Well, sweat contains electrolytes, and one of those electrolytes is potassium. For those that don't know much about HKPP, the hypokalemic part of Hypokalemic Periodic Paralysis means "low potassium." And with my particular flavor of HKPP my potassium doesn't even have to go very low; the low end of normal is nearly catastrophic for me. Hence you can see the problem with sweat. I don't even have to work up a vigorous sweat, just the ordinary wicking of perspiration off of my skin in order to maintain an appropriate body temperature in this weather is enough to have an effect. The steady loss of potassium in my sweat leaves me playing potassium catch-up all day long, a game that has a definite toll on my body -- sometimes immediate, sometimes a little ways down the road. Even with the generous use of oral potassium prolonged sweating leads to a yo-yo effect which leaves me more sensitive to any of my other triggers and, at the least, entirely drained by the end of the day.

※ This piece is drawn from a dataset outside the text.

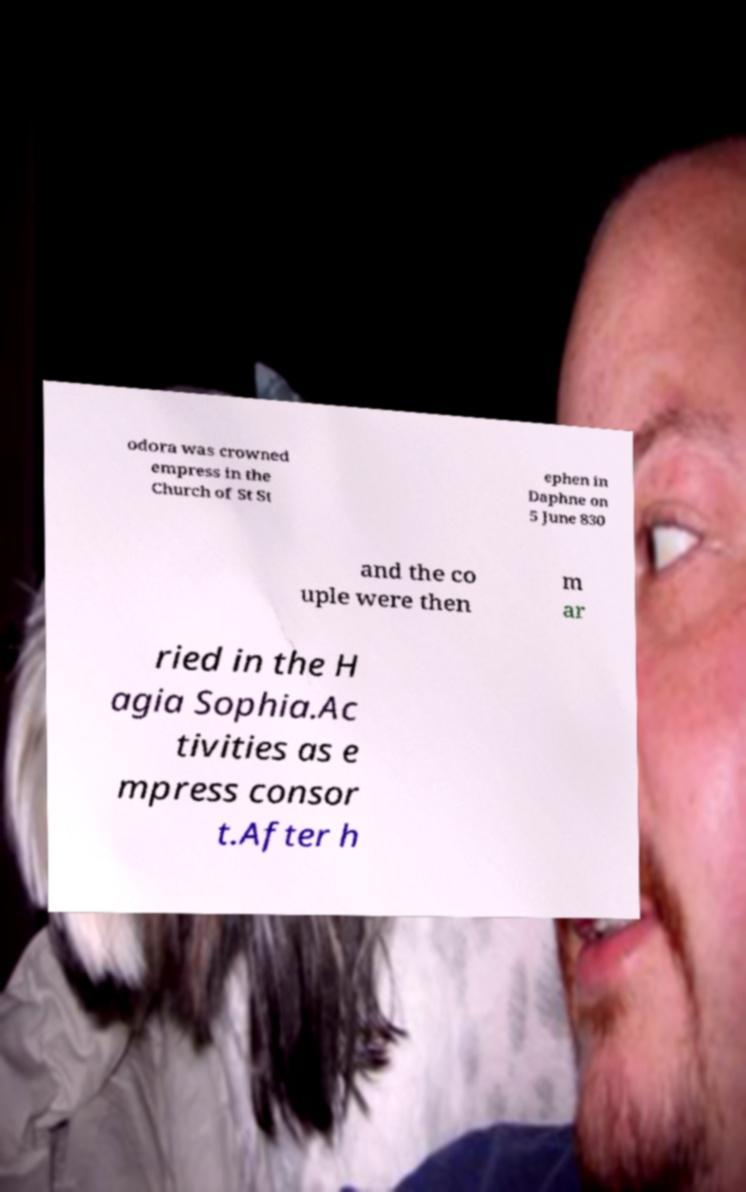Can you read and provide the text displayed in the image?This photo seems to have some interesting text. Can you extract and type it out for me? odora was crowned empress in the Church of St St ephen in Daphne on 5 June 830 and the co uple were then m ar ried in the H agia Sophia.Ac tivities as e mpress consor t.After h

This is the sort of thing I worry about now. Whereas I used to check the weather in order to determine what I should wear, or if I should bring an umbrella; now I check to see if I should even go outside.

The outside world is a dangerous place.

Friday, 18 June 2010

Looking in a mirror...

It has been twenty-eight months since I first started feeling ill, twenty-six since I first realized there was something seriously wrong with me, twenty since my first hospitalization, fifteen since diagnosis, eight since we finally made some real headway with medication management, and three since I have started to feel like myself again, at least at times. Along the way my family and I have traveled up and down the east coast to see doctors, to visit hospitals, to look for answers, solutions, advice, and sometimes even just a bit of hope. I have long ago lost count of the doctors I have seen: the internists, the gastroenterologists, the endocrinologists, the neurologists, psychologists, psychiatrists, and cardiologists. I have had enough blood drawn over the past two years to thoroughly exsanguinate me several times over, had enough needle-pricks to get me into the pincushion hall of fame.

Through all of this, and all of the doctors shrugged shoulders and pop psychology I have known that there was indeed something very wrong with me physically, yet at the same time I have always harbored some small degree of doubt, a little uncertainty born of the unpredictability of this disorder, of the reality that I never can quite pin down exactly what it will do to me, of the fact that I have never seen anyone else experience what I experience.

That is until today, when I saw this video, and felt so completely that I was looking in the mirror.

I am sure the lingering doubt will always remain with me, returning with each episode for which I cannot pin down a cause, and with every episode I do not have even though the same circumstances have triggered one a score of times before. But today, at least, I recognize myself in this mirror, though the fact that I do see myself in that video -- the paralysis, the labored breathing, the vacant stare -- reminds me that I hardly remember the me I once knew.